- _REQUIREMENT_
Take each line below that has "highest" and copy it.

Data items
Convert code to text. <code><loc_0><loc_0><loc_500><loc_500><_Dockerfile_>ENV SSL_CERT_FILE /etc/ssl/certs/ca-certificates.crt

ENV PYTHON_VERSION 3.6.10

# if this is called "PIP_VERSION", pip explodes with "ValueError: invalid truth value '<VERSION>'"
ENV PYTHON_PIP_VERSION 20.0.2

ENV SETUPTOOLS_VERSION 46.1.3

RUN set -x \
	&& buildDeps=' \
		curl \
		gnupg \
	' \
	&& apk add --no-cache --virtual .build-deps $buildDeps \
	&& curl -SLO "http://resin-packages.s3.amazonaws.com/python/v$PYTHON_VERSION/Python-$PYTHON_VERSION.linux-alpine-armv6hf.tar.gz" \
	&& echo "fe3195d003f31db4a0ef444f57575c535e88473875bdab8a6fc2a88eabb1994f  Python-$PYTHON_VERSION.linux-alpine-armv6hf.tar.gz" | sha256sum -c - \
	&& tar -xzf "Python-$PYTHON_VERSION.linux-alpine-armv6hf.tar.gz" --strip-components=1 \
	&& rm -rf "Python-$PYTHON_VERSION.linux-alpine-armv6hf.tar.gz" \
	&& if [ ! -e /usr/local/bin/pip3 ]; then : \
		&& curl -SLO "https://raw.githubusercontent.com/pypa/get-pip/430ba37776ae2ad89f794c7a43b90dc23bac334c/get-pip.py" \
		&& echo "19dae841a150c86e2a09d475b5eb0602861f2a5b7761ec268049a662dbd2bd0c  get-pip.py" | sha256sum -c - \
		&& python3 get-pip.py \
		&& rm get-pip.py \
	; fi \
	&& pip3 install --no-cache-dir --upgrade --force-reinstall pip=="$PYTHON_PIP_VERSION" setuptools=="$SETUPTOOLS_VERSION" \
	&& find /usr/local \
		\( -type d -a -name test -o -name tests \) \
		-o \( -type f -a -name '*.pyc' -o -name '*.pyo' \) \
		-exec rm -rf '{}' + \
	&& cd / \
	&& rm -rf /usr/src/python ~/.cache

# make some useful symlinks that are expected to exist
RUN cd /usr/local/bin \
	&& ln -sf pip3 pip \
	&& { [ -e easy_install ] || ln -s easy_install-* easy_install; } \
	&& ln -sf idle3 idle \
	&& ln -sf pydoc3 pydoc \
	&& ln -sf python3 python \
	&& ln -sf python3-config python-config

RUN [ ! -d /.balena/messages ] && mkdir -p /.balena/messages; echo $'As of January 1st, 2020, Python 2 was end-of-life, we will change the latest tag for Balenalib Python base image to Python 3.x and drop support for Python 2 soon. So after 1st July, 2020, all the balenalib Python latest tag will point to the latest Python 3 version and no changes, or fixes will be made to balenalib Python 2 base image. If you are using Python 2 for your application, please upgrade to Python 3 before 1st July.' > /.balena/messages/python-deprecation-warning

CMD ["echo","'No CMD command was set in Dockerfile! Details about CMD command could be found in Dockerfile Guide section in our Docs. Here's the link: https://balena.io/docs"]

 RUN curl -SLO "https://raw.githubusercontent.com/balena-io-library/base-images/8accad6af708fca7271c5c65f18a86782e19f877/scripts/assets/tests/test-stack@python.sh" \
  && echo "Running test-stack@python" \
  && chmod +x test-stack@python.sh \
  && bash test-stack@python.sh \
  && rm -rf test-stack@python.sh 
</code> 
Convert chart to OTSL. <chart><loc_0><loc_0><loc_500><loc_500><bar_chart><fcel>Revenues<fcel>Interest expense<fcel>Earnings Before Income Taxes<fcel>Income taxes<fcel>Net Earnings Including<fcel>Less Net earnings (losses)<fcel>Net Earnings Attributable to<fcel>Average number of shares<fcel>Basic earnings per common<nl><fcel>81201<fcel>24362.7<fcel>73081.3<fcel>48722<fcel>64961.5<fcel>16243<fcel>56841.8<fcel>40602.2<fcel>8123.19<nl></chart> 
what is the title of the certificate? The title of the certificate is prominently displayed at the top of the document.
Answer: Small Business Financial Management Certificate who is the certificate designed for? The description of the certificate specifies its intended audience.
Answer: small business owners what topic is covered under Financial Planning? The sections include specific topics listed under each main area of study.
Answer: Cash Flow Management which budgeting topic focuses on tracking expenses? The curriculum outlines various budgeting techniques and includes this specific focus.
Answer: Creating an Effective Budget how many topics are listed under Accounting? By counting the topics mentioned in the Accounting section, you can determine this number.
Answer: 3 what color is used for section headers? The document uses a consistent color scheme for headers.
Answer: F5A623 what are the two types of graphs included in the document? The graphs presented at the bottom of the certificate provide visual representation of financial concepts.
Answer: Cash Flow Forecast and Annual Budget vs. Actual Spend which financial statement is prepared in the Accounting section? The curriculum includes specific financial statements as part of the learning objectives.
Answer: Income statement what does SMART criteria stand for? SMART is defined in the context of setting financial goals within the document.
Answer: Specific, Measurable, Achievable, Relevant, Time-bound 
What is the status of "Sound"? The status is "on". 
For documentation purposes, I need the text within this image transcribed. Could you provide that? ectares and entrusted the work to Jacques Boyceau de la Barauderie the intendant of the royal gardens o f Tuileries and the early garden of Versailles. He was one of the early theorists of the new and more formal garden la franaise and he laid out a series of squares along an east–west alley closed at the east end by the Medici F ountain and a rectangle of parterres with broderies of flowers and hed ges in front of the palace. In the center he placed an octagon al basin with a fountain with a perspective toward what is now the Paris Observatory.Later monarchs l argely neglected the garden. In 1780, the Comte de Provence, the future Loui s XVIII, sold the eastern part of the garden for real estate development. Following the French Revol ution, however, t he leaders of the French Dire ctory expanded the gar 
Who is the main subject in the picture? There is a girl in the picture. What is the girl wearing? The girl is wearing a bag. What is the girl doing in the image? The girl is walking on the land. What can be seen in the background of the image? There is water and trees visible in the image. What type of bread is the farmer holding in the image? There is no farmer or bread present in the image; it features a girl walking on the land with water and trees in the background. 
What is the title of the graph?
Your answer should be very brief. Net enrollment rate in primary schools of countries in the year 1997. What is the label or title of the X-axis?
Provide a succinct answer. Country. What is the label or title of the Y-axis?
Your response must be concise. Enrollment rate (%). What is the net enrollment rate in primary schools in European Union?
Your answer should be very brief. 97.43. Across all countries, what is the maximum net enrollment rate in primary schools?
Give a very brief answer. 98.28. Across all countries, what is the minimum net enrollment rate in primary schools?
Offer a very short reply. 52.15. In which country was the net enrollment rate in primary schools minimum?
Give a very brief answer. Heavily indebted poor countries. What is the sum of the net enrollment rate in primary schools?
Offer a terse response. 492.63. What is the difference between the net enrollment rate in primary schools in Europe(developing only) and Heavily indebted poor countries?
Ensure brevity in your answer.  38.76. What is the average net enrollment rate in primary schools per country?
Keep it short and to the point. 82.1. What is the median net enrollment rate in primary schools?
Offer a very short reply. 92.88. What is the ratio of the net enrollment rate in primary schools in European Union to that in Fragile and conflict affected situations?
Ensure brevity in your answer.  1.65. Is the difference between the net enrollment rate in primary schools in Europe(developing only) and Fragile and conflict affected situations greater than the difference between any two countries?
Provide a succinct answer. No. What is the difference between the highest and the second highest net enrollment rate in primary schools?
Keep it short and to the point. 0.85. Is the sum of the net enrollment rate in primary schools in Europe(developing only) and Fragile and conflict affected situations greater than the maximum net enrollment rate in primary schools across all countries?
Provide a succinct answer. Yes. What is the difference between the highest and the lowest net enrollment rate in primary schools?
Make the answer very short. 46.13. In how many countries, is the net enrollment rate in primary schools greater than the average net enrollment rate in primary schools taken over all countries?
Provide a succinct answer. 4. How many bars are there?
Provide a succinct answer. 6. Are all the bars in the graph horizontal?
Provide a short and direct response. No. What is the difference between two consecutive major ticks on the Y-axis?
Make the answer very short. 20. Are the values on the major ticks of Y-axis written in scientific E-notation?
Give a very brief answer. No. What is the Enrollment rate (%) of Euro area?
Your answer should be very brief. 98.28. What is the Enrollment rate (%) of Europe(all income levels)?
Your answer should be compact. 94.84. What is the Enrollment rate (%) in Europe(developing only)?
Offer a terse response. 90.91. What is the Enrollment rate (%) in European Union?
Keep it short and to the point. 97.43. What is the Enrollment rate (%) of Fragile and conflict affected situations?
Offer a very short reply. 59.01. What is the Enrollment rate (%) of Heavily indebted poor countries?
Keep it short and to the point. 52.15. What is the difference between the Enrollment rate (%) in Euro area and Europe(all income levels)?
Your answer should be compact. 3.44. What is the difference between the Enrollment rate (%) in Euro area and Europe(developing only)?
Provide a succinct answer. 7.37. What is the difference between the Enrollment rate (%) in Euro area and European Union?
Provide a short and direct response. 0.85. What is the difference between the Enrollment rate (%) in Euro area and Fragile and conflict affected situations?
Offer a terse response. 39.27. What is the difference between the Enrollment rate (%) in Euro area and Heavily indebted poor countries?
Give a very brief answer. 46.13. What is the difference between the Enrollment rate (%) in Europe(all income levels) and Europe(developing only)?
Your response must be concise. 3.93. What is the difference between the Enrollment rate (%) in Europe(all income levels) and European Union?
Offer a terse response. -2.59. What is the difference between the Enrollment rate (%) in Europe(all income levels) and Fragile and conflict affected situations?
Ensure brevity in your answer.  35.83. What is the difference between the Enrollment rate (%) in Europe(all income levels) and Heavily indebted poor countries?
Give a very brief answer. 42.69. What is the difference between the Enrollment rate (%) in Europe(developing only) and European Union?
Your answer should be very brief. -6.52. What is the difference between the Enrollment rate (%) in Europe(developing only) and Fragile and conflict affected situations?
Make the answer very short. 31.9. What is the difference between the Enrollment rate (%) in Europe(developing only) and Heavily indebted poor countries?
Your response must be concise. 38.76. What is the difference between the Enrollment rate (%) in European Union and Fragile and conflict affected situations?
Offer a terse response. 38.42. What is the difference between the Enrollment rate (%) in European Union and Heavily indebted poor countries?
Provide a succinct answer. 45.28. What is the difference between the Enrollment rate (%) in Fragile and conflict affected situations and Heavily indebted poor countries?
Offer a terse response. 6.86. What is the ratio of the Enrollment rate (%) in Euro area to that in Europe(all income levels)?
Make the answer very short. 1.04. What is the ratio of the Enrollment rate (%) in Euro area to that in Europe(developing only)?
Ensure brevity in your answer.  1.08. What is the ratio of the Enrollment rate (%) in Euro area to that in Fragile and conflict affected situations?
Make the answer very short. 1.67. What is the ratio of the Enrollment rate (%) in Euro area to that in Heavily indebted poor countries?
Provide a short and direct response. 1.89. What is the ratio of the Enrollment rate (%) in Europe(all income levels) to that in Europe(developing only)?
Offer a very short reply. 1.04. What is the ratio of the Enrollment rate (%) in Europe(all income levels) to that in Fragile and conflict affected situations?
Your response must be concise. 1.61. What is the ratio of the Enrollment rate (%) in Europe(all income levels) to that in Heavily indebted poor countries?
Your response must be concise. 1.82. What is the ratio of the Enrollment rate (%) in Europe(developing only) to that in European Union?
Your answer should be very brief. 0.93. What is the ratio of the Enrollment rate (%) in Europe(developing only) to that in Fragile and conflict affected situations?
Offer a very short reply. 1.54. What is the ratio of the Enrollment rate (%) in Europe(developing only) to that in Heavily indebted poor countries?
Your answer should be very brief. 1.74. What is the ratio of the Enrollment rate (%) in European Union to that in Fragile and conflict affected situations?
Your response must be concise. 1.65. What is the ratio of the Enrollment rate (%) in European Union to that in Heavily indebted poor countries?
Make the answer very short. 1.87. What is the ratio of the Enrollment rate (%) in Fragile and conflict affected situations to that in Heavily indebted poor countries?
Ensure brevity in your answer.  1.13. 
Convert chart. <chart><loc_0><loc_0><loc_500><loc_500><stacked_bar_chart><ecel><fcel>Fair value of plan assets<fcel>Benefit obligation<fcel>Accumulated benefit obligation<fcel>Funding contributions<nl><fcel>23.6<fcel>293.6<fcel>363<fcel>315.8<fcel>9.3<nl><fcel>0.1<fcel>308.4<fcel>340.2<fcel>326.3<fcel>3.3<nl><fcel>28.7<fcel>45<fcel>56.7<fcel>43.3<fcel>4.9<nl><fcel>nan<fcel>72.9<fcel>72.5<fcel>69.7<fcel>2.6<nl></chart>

- _WRITTEN ANSWER_
Provide a succinct answer. No. What is the difference between the highest and the second highest net enrollment rate in primary schools?
Provide a succinct answer. Yes. What is the difference between the highest and the lowest net enrollment rate in primary schools?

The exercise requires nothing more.